A person skilled in the art will appreciate that the present invention may be practiced without undue experimentation according to the method given herein. The methods, techniques and chemicals are as described in the references given or from protocols in standard biotechnology and molecular biology text books.

According to a first aspect, the present invention provides a method of treating, preventing, ameliorating, reducing or delaying the onset of fatty liver disease (FLD) and/or FLD associated diseases in a subject, the method comprising administering a composition comprising at least one tocotrienol, derivative thereof or a mixture thereof to the subject.

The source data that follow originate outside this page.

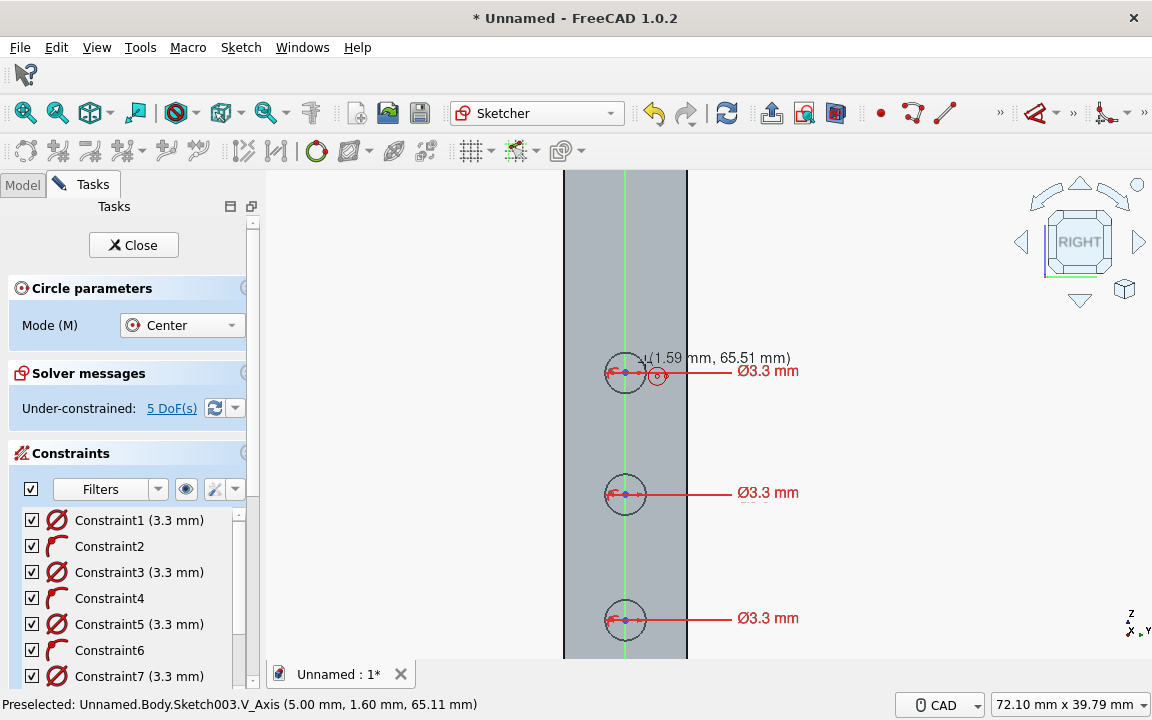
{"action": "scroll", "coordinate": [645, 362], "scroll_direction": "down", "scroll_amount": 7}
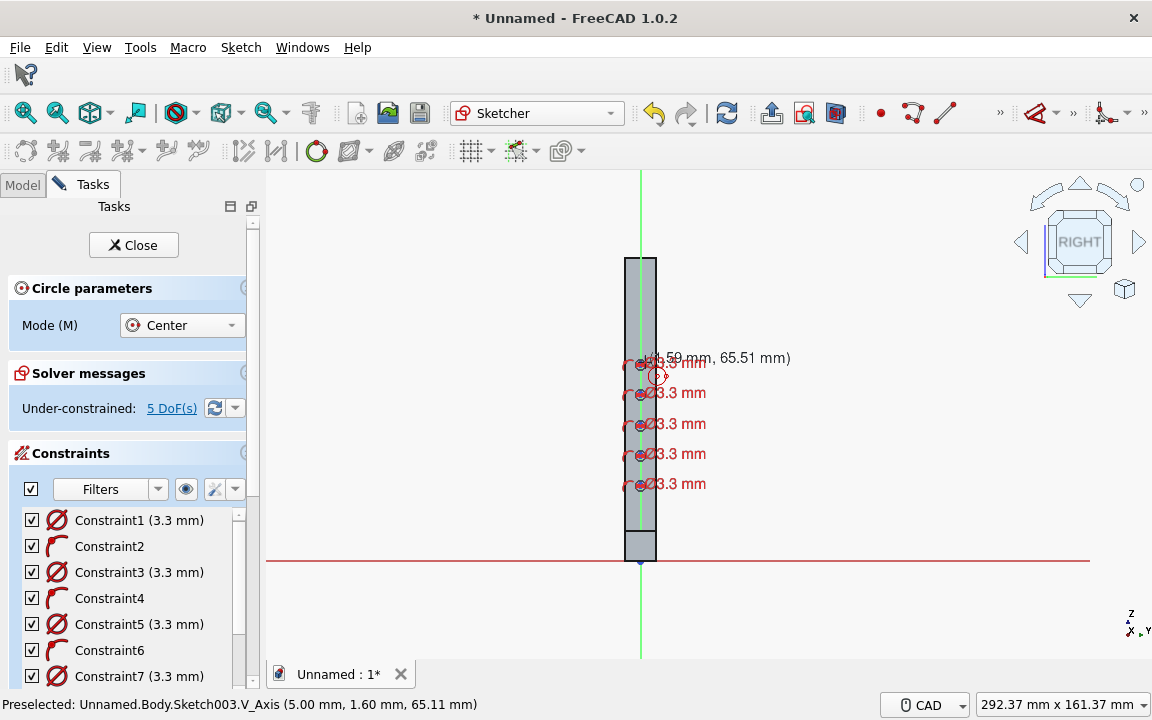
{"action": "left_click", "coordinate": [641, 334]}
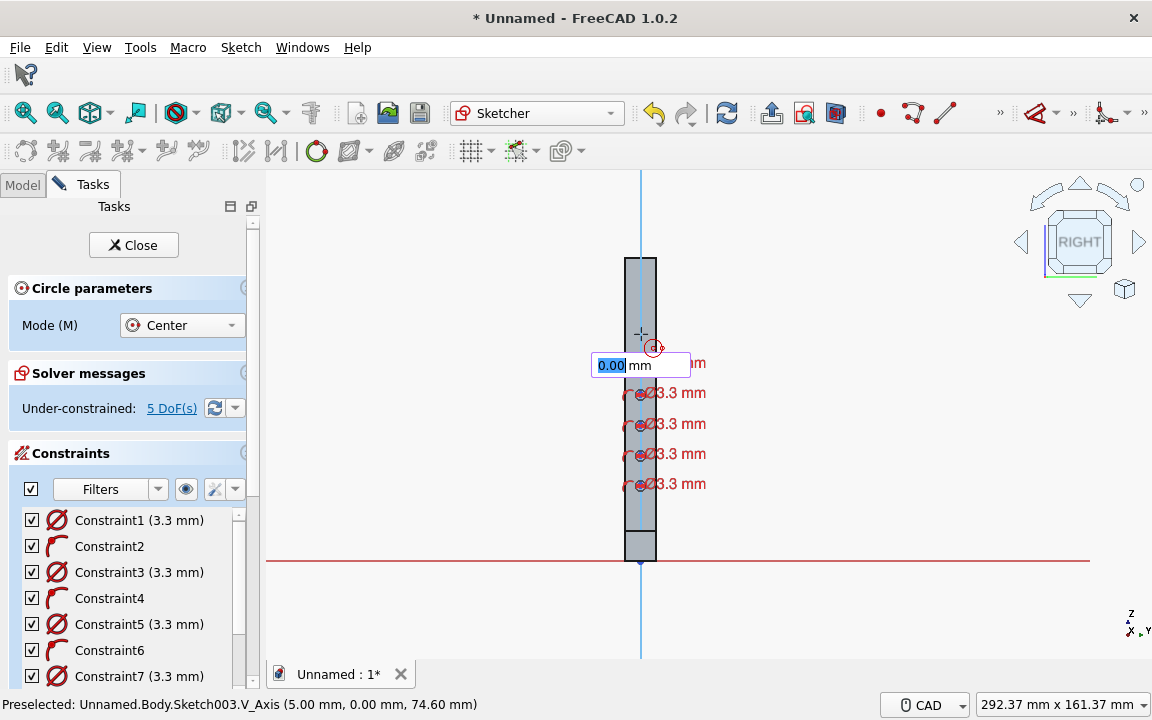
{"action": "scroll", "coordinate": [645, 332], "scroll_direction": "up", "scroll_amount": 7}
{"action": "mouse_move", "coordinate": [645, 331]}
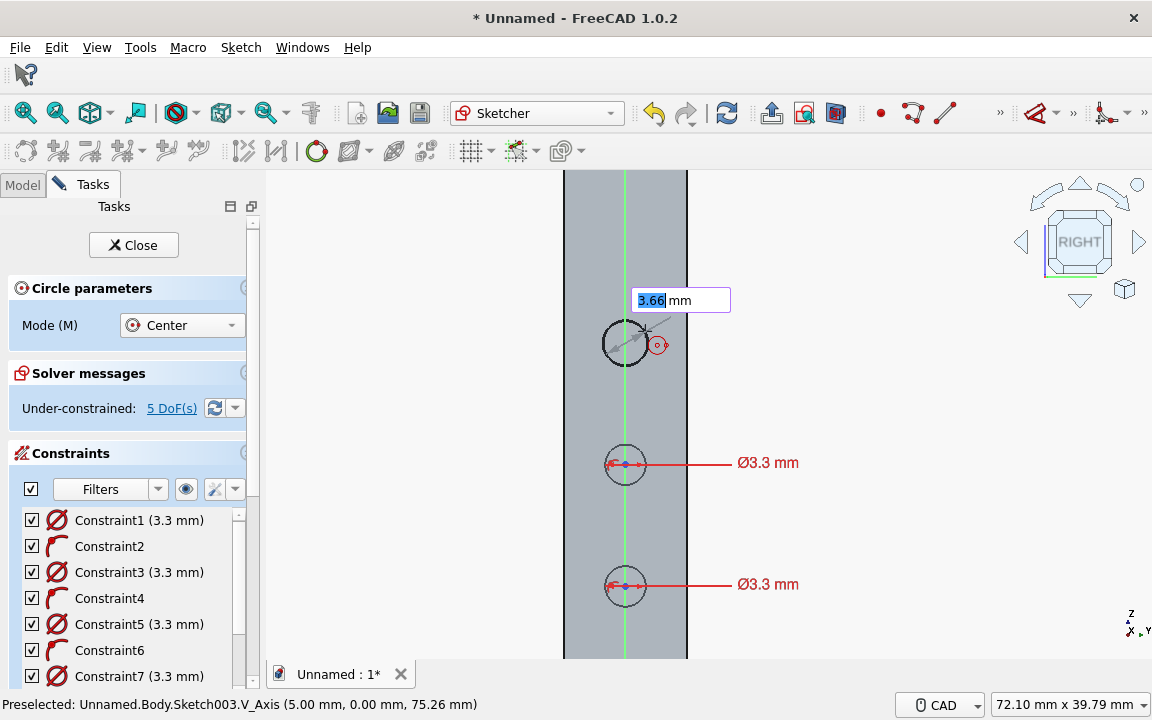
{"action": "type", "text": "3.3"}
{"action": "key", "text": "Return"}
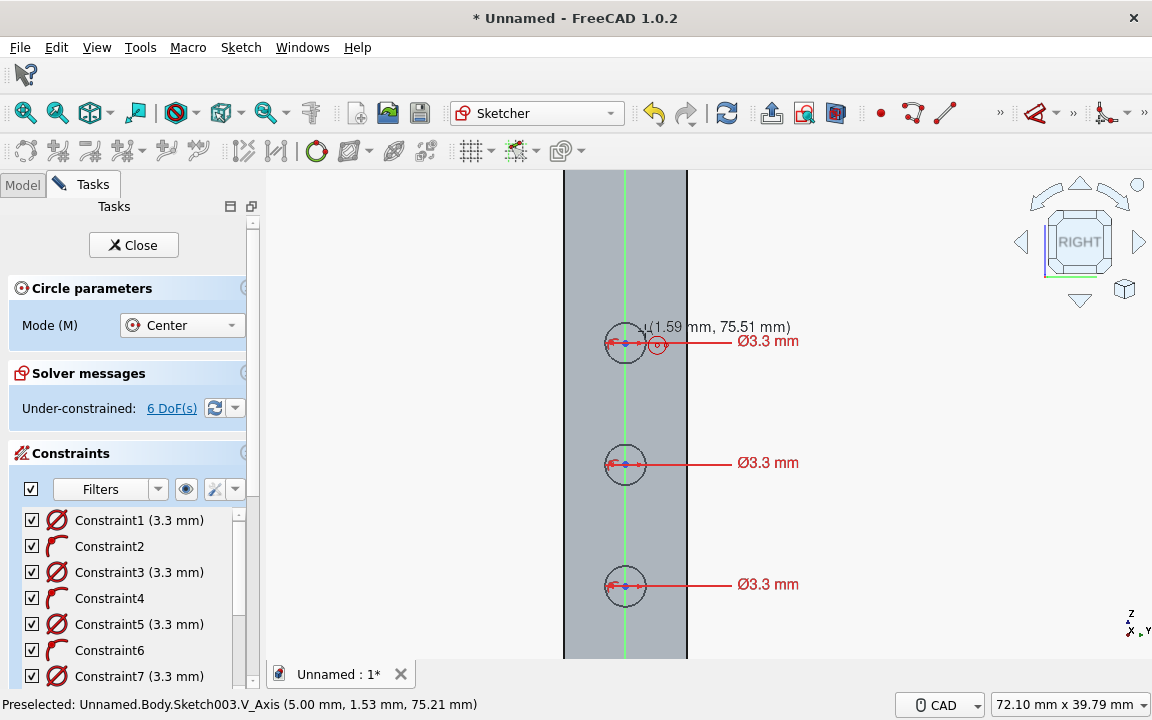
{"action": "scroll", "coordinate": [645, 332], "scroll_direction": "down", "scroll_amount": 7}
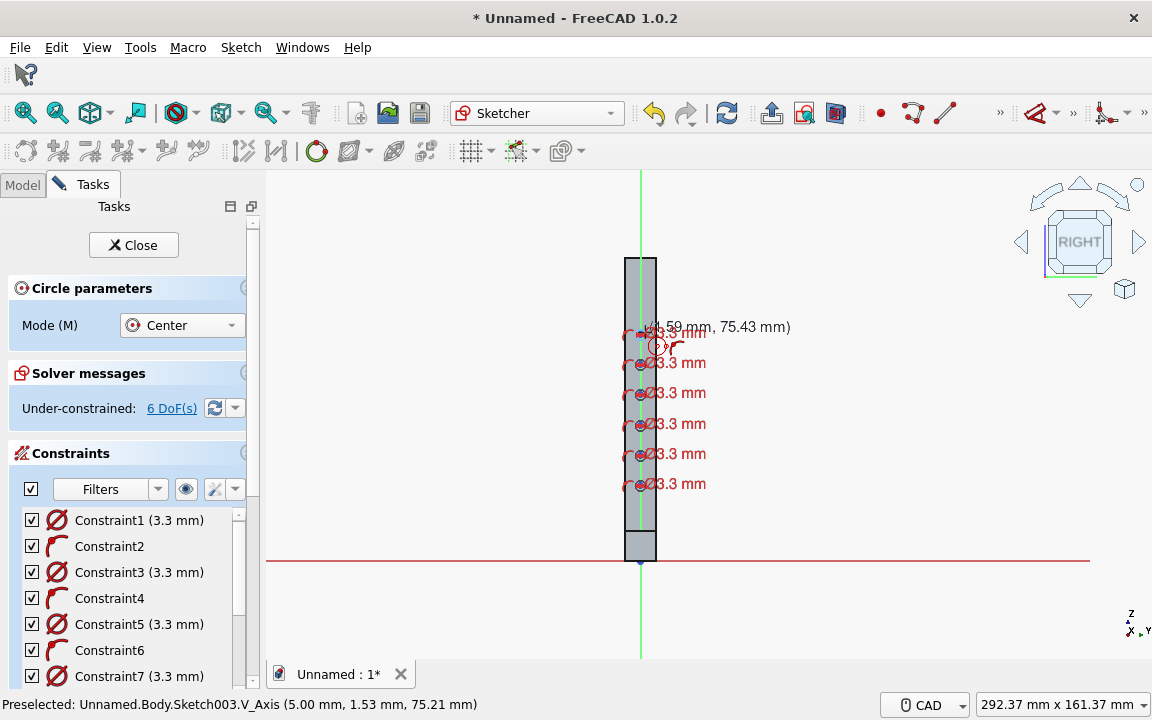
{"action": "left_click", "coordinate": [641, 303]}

In particular, at least one tocotrienol may have a preventive activity in at least NAFLD in mice, human being and the like. The examples confirm the NAFLD-preventive activity of mixed tocotrienols. In particular, the steatogenic diet fed to mice caused the onset of NAFLD in animals not fed mixed tocotrienols. Tocotrienols have shown NAFLD-preventive activity and evaluation of the hepatic content of tocotrienols univocally related the hepatoprotective efficacy and NAFLD-preventive activity of mixed tocotrienols with the absence of NAFLD, as confirmed by the histology studies in the Examples.

The tocotrienol compound can be produced by known method, such as pressing a natural material, extraction from a natural material, synthesis of the like. The tocotrienol compound may be purified, for example, by column chromatography. Many tocotrienols useful for the practice of the invention are natural products isolated, for example, from wheat germ oil, bran, or palm oil using any method known in the art. For example, high performance liquid chromatography may be used to extract tocotrienols, or tocotrienols may be isolated by alcohol extraction and/or molecular distillation from barley, brewer's grain or oats. Mixed tocotrienols, single isomers, chiral variations and synthetic or semi-synthetic derivatives, in free formulation, inclusion complexes, liposomal formulations, lipophilic and/or hydrophilic matrices, self-emulsifying preparations, controlled release and/or immediate release formulations in solid, liquid or aerosol preparations, for oral, injectable, topical, patch or suppository use may be used in any aspect of the present invention.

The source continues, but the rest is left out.